Always Re-box Process with Notification.

  • The box is removed from the shelf by an Iron Mountain Records Center specialist.
  • The contents of the original box are placed by the specialist into a new box in the exact same order.
  • A new box label, with the same box identifier as the original label, is then printed and affixed to the new box.
  • Any unique identifiers or written information present on the original box are transferred to the replacement.
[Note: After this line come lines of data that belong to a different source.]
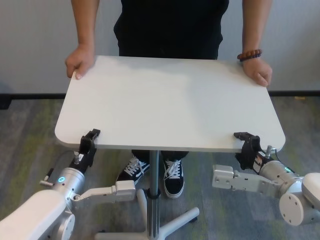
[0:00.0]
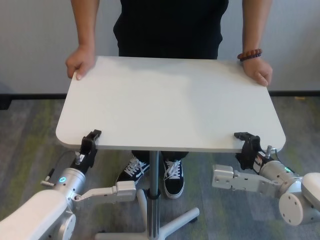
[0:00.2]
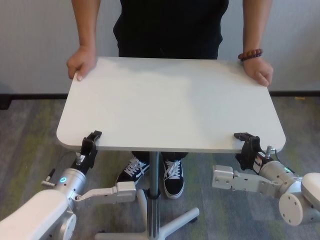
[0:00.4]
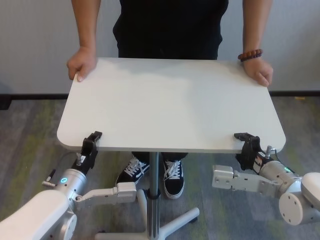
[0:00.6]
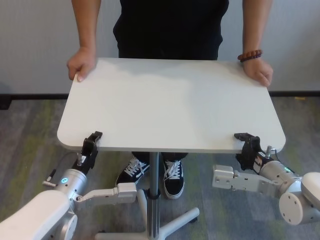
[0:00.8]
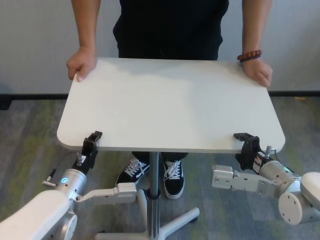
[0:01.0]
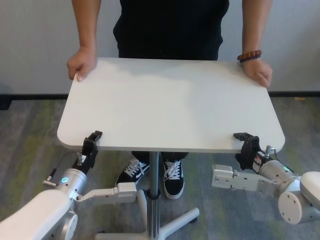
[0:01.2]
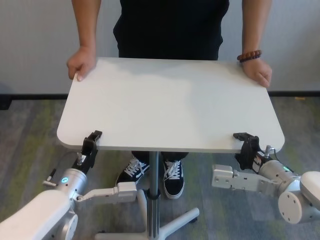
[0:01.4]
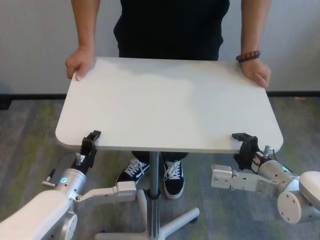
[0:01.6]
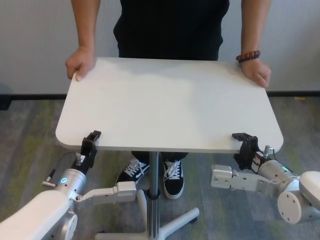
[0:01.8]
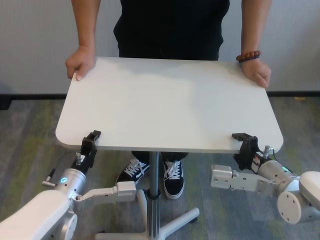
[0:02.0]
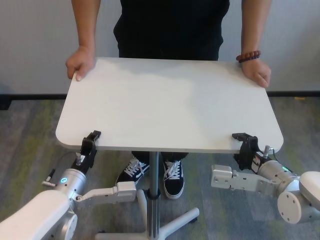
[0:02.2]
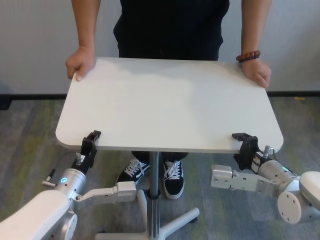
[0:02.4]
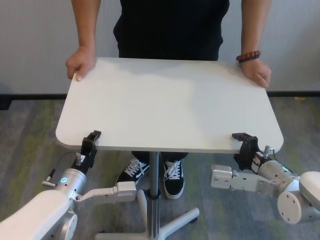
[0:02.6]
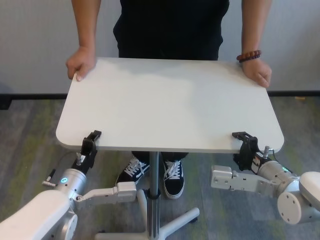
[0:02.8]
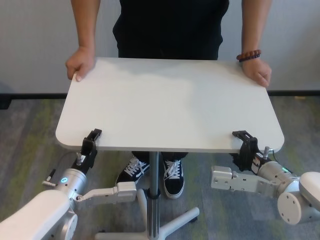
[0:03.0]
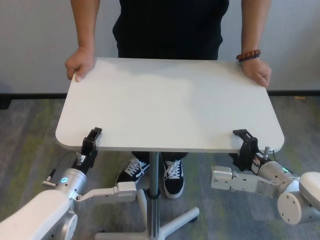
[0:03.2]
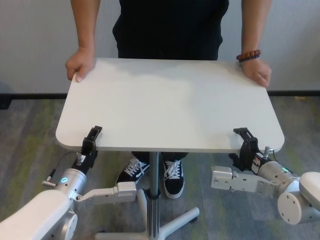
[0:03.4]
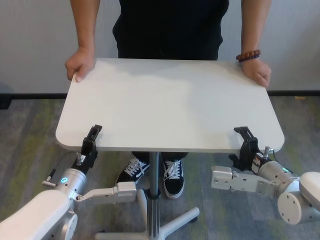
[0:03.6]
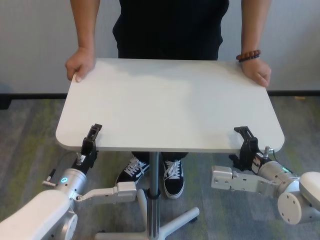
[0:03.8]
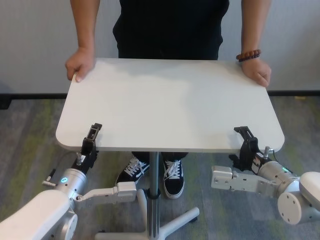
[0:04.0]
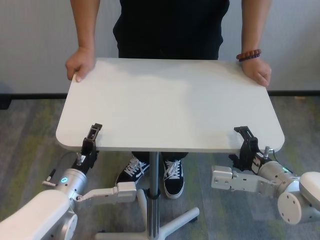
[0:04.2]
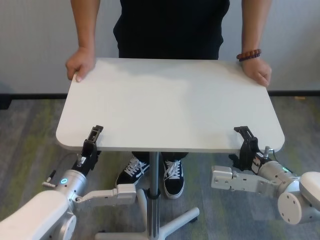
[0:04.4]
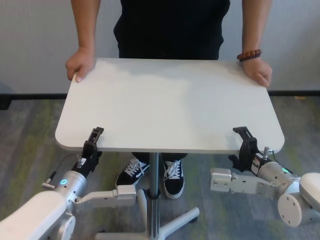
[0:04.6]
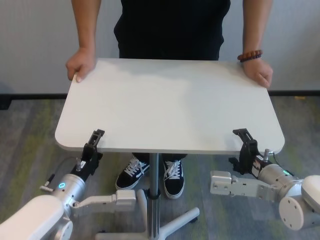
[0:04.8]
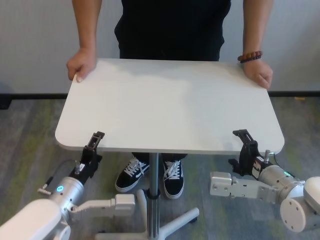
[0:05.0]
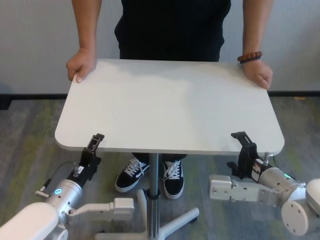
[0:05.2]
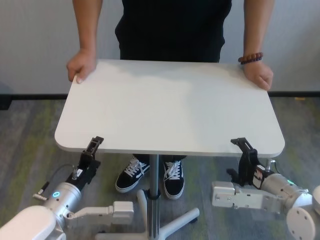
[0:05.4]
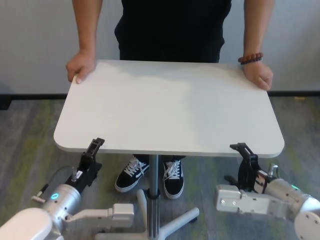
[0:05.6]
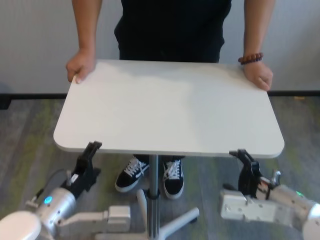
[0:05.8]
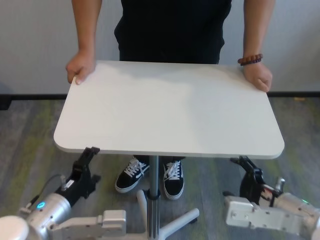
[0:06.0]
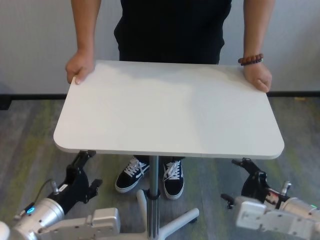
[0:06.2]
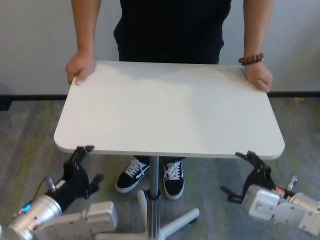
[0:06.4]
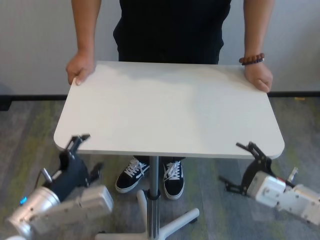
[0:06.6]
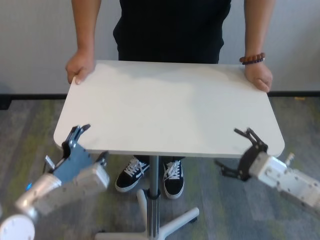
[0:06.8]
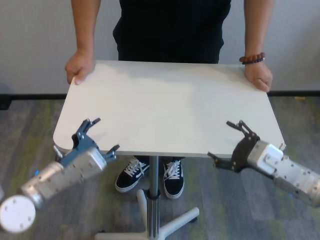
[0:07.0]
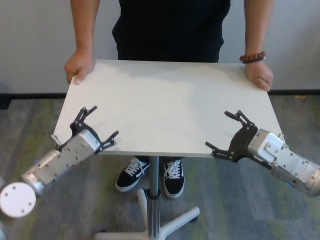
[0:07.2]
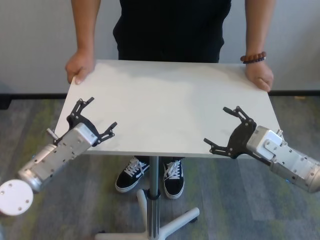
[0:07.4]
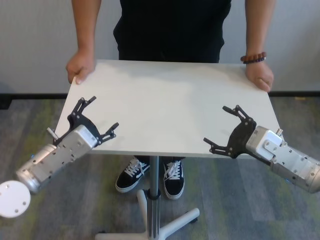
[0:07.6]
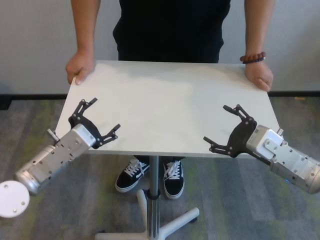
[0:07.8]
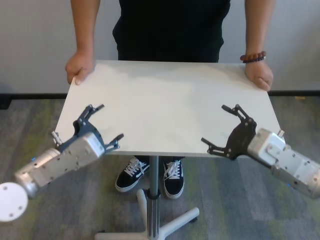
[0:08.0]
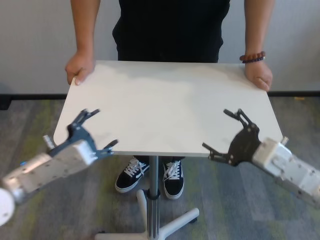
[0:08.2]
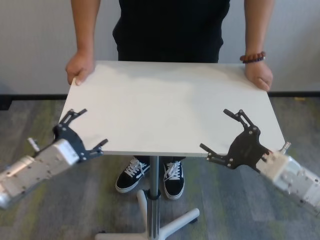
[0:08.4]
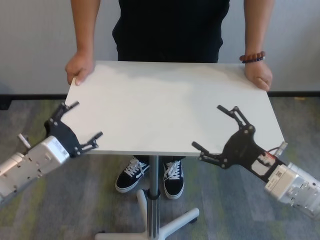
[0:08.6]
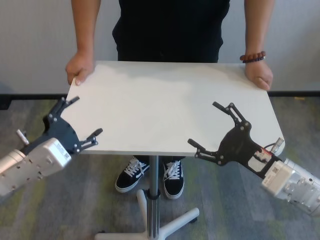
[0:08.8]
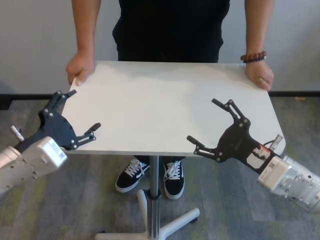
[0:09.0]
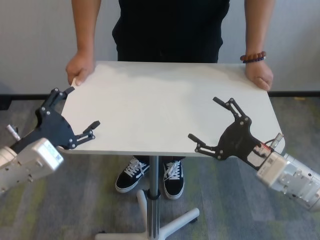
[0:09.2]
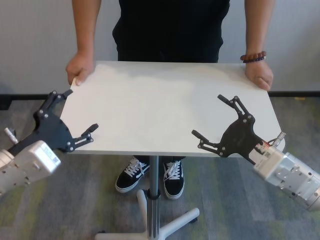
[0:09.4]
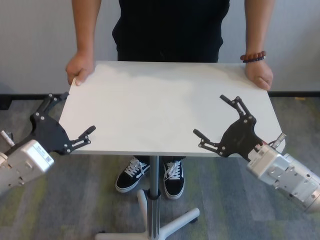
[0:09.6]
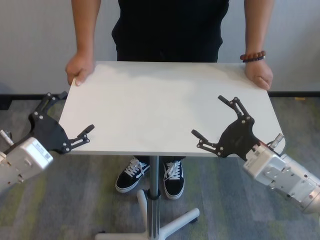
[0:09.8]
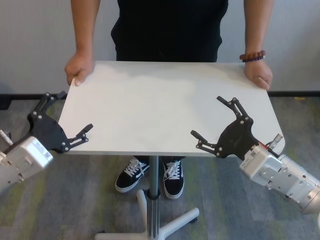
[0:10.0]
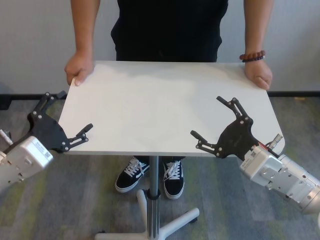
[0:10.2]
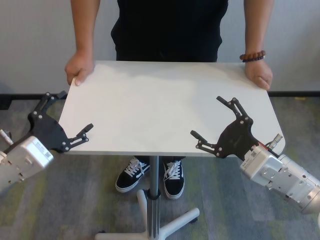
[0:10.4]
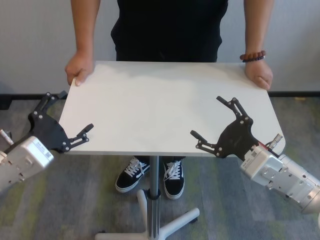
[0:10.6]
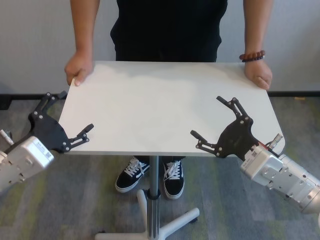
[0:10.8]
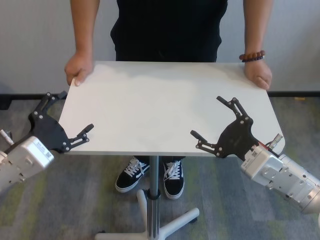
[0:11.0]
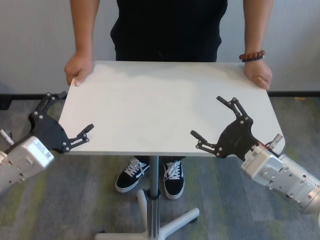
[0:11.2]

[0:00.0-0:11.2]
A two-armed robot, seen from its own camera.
Task of the whole recording: human machine collaborative table moving.
Step, 0:00.0 to 0:04.0: Move the table forward with both grippers.

Written information is rewritten onto the new box, and other unique identifiers, including the face of the old box, are cut off the old box and placed within the new one.
  • The box is then stored or prepared for shipping.
  • The notification communication will automatically occur once a week, prior to re-boxing, summarizing the work to be completed.
  • If a box requested for retrieval is identified as requiring re-boxing and no notification has already been sent to the customer, it will be placed in an over-box for shipment to ensure there is no delay in delivery.

Always Retrieve Process.

  • The box is removed from the shelf by an Iron Mountain Records Center specialist.
  • The original box is placed into an over-box by the specialist. The purpose of the over-box is to protect the contents of the damaged box during shipping.
  • The specialist places return instructions and a replacement label for the customer’s new box into the over-box.
  • The box is then placed on a truck for delivery to you for disposition.
  • Notification communication will automatically occur once a week prior to retrieving and shipping the rebox candidates to you, summarizing the work to be completed.
  • If a box requested for retrieval is identified as requiring reboxing, it will automatically be placed in an over-box for shipment to ensure there is no delay in delivery.

How Will I be Billed for Re-boxing Activities?

Iron Mountain Re-boxes. Charges for Iron Mountain re-boxing boxes will appear on your next monthly invoice. The re-boxing charges include the price of the replacement box and labor, at a rate per box, to carry out the re-boxing service. The re-box charge will appear on the invoice as a “Repack Charge,” along with the supply charge for the new box.

Iron Mountain Retrieves. Charges for Iron Mountain returning damaged boxes to you via an over-box will appear on your next monthly invoice. This will include a standard retrieval charge, and a standard transportation charge.